All these physicians testified that quite a number of the symptoms of morphine poison would be the same as the symptoms of compression of the brain resulting from a blow on the head.

During Dr. Winnett's testimony a dramatic scene occurred. Attorney Lambertson handed him a skull with which to make his explanations. The top of it had been cut off and there were fractures about the left eye. During the examination the lawyer asked:

"Doctor, whose skull are you holding in your hand?"

"It is the skull of John Sheedy."

Mrs. Sheedy's eyes filled with tears and she hid her face in her handkerchief, but she soon recovered her composure and bravely followed the ghastly evidence offered by the state.
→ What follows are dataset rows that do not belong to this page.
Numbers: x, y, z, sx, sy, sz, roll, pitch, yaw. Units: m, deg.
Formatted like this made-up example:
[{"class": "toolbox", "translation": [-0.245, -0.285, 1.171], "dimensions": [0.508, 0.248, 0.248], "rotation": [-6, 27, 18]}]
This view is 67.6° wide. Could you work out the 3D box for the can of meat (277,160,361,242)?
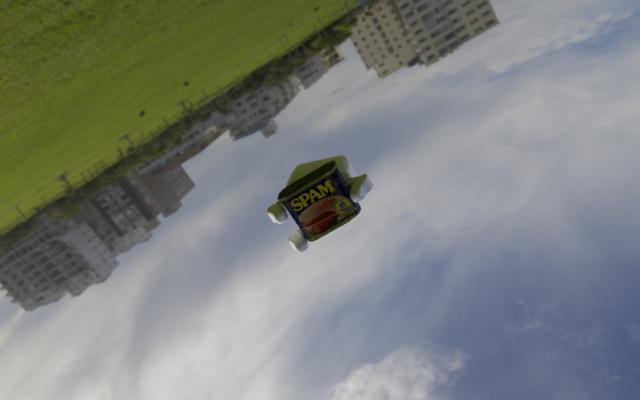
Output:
[{"class": "can of meat", "translation": [0.000, 0.003, 0.724], "dimensions": [0.102, 0.084, 0.057], "rotation": [-30, 17, 10]}]
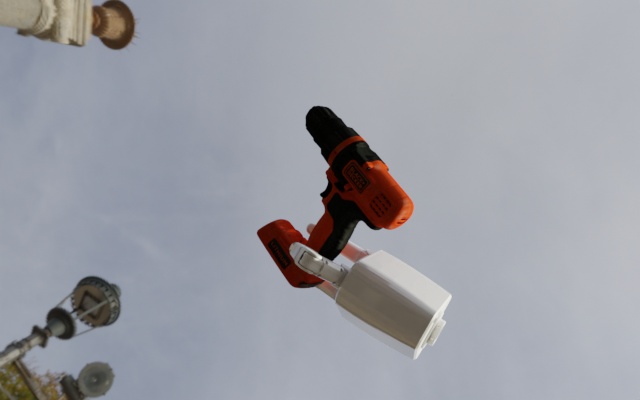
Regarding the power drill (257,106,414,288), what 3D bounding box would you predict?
[{"bbox_3d":[0.000,0.002,0.587,0.057,0.184,0.188,0,-43,-51],"label":"power drill"}]
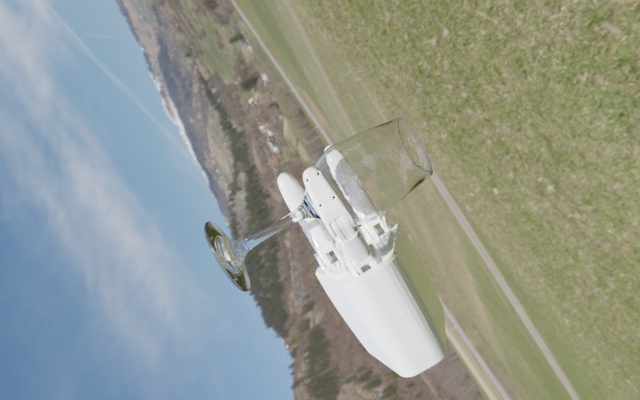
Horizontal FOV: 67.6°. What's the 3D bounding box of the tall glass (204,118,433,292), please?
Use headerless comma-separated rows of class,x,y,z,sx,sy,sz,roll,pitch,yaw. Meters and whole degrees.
tall glass,-0.001,0.002,0.436,0.201,0.079,0.079,-31,-1,2
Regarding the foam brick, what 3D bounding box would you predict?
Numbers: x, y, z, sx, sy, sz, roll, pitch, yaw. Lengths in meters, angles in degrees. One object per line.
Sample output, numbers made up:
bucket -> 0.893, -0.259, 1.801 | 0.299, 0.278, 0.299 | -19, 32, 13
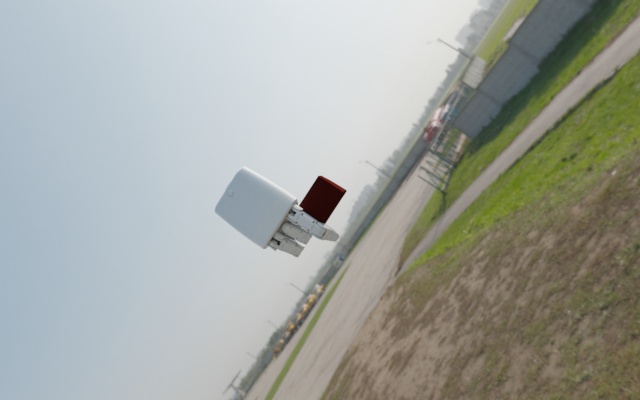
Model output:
foam brick -> 0.000, 0.002, 0.797 | 0.051, 0.078, 0.053 | 34, 7, 5
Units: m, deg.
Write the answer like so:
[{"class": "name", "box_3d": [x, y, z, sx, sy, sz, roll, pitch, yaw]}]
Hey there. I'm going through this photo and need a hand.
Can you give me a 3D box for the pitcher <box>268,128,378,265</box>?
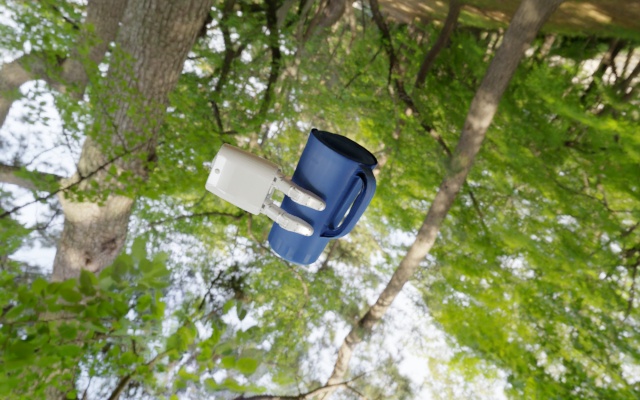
[{"class": "pitcher", "box_3d": [0.000, 0.003, 0.881, 0.145, 0.243, 0.149, 26, 21, -2]}]

Albert Katzenstein and James Gatchell, clerks at Herpolsheimer & James Gatchell, clerks at Herpolsheimer & Co.'s, identified some night shirts and socks as some that Mrs. Sheedy had bought at their store. They were found in Walstrom's room. J. Smith, a clerk at Schwab's, in like manner identified a necktie.

Harry Shafer, grand keeper of the records and seal of the Knights of [Pythian?] in Nebraska, testified that on the day following the assault he called to see the wounded man, who was a brother knight. While there Mrs. Sheedy remaked:

"I believe that Mr. Sheedy is dying, not from the effects of the blow, but I think they have given him something to kill him."
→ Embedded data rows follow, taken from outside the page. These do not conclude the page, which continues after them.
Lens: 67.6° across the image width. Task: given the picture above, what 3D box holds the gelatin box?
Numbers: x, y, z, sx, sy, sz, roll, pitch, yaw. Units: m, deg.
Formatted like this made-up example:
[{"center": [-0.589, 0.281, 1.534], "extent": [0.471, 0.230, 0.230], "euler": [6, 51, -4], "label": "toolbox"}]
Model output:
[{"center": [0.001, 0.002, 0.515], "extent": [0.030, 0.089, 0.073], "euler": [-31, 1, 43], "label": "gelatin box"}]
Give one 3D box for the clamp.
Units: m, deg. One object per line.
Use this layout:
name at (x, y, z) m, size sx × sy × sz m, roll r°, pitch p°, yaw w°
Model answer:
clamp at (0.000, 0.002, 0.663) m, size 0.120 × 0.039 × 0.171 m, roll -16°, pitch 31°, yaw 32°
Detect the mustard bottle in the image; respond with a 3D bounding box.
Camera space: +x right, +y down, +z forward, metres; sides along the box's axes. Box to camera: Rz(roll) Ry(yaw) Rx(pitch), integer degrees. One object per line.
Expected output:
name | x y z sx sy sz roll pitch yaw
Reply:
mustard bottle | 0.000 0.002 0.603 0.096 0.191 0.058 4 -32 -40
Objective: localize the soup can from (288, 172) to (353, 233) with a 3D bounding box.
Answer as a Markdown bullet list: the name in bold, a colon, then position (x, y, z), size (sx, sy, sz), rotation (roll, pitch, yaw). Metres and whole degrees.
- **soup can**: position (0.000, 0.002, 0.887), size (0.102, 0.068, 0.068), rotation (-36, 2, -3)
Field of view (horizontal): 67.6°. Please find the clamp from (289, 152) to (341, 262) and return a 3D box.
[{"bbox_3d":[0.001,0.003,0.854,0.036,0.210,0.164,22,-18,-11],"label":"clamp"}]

Dr. Casebeer explained that the symptoms of compression of the brain are nearly the same as those in morphine poisoning except in the breathing, it is not so slow; where you find one breathing heavily and only five or six times a minute, it would indicate morphine poisoning; where the breathing is equally heavy but at the rate of fifteen or twenty times a minute, it would indicate compression, where the rate fluctuated it would indicate morphine. Compression would would be apt to dilate the pupils; would not expect dilation from sulfonal. Compression of the brain is caused by the rupture of a blood vessel, and the blood pouring out upson the [?].
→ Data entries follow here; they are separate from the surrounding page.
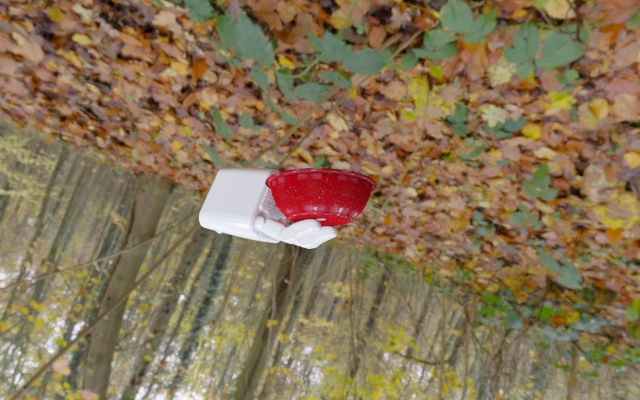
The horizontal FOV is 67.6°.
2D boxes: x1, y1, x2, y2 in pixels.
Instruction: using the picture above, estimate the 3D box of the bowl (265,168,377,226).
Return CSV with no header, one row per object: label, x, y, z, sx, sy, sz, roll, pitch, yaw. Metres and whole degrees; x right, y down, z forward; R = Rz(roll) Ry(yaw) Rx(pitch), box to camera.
bowl,0.001,0.003,0.685,0.162,0.055,0.162,1,-14,0
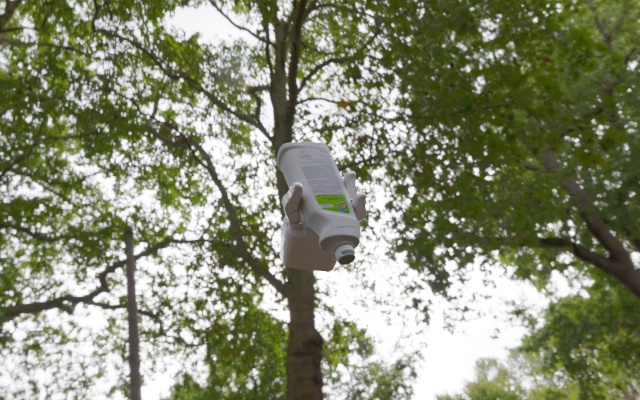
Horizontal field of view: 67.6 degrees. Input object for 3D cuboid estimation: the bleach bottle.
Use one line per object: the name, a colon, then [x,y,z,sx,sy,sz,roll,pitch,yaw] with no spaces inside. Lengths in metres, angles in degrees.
bleach bottle: [0.000,0.003,0.824,0.102,0.250,0.068,-4,-42,-19]
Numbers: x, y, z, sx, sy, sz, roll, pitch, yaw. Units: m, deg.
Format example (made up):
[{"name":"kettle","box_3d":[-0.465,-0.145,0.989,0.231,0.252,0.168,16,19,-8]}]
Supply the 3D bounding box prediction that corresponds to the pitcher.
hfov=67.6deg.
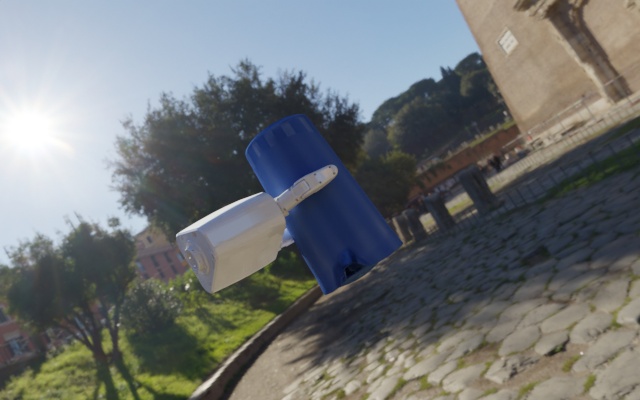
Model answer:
[{"name":"pitcher","box_3d":[0.000,0.002,0.696,0.145,0.243,0.149,-29,-7,-35]}]
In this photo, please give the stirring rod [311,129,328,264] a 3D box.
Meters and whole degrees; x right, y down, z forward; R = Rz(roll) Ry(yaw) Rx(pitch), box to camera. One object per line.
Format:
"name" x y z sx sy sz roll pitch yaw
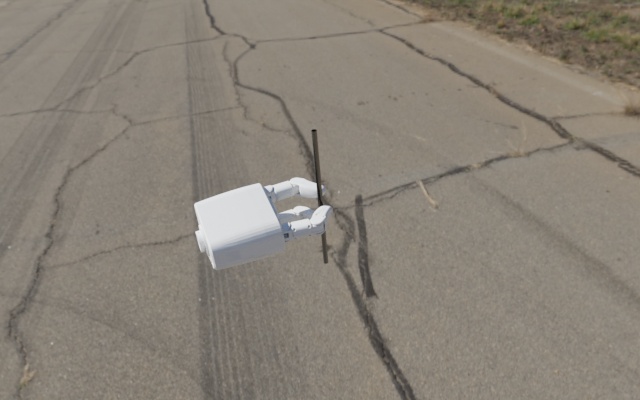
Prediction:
"stirring rod" 0.000 0.003 0.739 0.011 0.240 0.011 -4 32 2
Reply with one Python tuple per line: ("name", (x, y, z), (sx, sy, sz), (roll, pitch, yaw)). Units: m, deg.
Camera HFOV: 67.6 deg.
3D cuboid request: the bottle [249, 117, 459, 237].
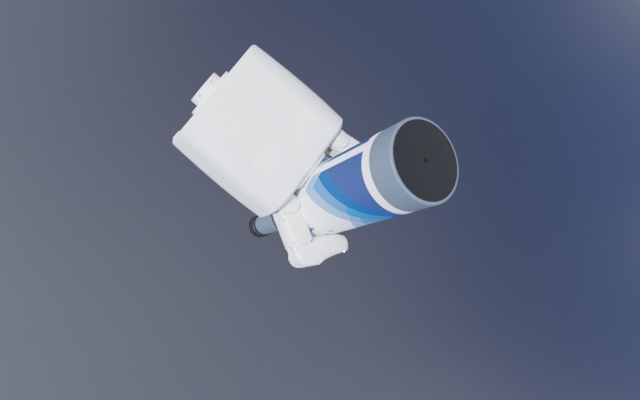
("bottle", (0.000, 0.002, 0.464), (0.069, 0.069, 0.296), (0, -12, -32))
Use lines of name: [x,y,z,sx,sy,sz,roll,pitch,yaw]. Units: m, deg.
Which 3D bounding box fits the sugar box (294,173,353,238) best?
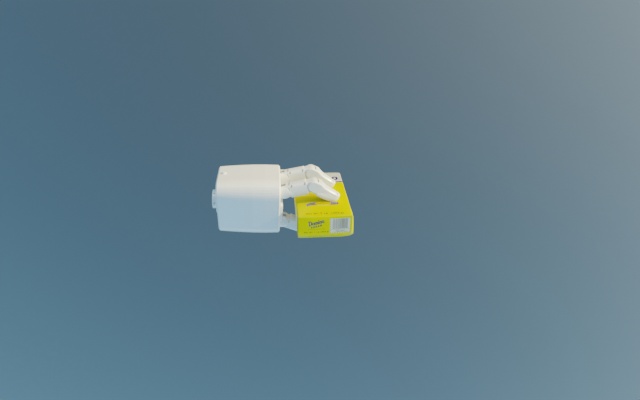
sugar box: [0.000,0.002,0.848,0.093,0.048,0.176,-2,29,-6]
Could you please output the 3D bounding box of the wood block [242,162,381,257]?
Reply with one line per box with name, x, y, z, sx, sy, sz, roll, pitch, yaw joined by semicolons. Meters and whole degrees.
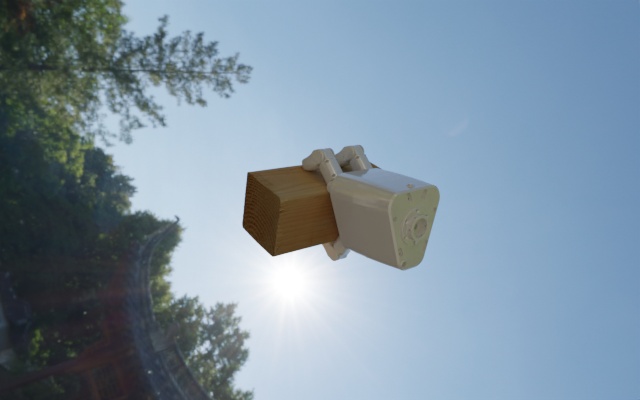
wood block;0.000;0.003;0.696;0.206;0.091;0.090;-11;32;-36
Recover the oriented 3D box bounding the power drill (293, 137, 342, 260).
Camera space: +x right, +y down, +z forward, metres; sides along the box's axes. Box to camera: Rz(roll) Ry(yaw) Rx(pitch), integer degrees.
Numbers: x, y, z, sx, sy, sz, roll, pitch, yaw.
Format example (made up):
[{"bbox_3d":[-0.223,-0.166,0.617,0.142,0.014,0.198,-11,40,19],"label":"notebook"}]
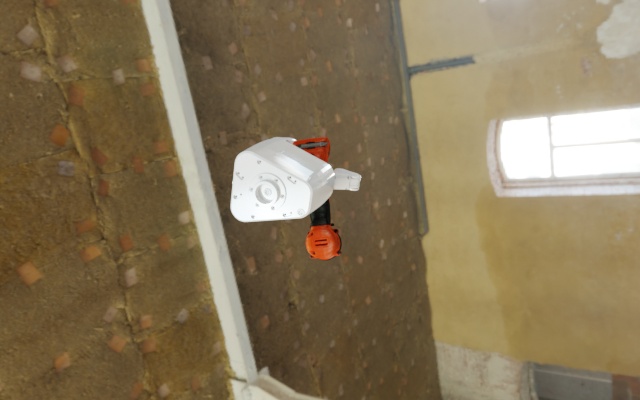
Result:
[{"bbox_3d":[0.000,0.002,0.766,0.057,0.187,0.184,-9,-6,1],"label":"power drill"}]
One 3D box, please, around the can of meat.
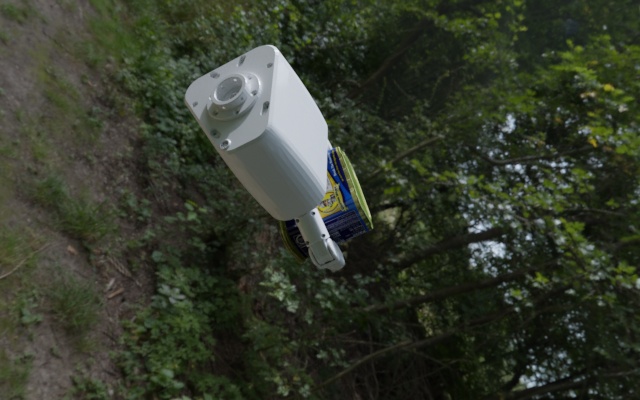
[{"bbox_3d":[0.000,0.002,0.495,0.084,0.102,0.057,-24,-39,10],"label":"can of meat"}]

Was Detective Malone Forgetful?

On Monday Detective Malone testified that he went to Walstrom's room after the arrest of that fellow and found there some socks, neckties and night shirts which he showed to certain clerks at Herpolsheimer's and Schwab's, and they identified them as the ones sold to Mrs. Sheedy. On the day of the arrest the witness was with Marshal Melick when that officer whowed McFarland his own cane and asked him whether he had bought such a cane as that at Goldwater's. McFarland said he had bought a cane like that from a man from the Black Hills. When the witness started to take McFarland to the police station a person near by remarked, "Ah, there, I thought that they'd get you." It was one of the barbers in the shop who said this. The witness continued:

"I showed McFarland the cane found on the porch after the assault on John Sheedy January 11. Monday identified the case. I asked him where he was the evening of the assault and his answers were such that I charged him with being at John Sheedy's between eight minutes after 7 and 7:30 the evening that John Sheedy was struck. We then locked him up."

The witness then testified that he was present at the time the first confession was made. This was on the Sunday morning following the arrest. The witness then detailed the confession.

Mr. Strode examined the witness rigidly upon his testimony before the coroner's jury, wherein he appears to have stated that he had had a conversation with John Sheedy on the night after the assault and that the latter had said that he thought his assailant was Frank Williams. Malone said he didn't say it.

"Didn't you tell me that Sunday night," said Colonel Philpott, the darkey's attorney, "in the corridor of the city jail as you passed, you going towards Monday's cell and I going in the opposite direction, that Monday was in a desperate condition and would commit suicide before morning?"

"No, sir."

"Did you see me in the jail that night at all?"

"No, sir."

"Will you swear I was not there?"

"No, sir; you might have been there while I was not."

"Do you mean to say, Mr. Malone," said Mr. Strode, "that you did not tell me that night in the office of the police station, leaning over the railing and talking in low tones, that you scared the confession out of Monday McFarland?"

"Yes, sir; I never told you that."

"Do you remember saying anything?"

"I might have said something, but I never said that."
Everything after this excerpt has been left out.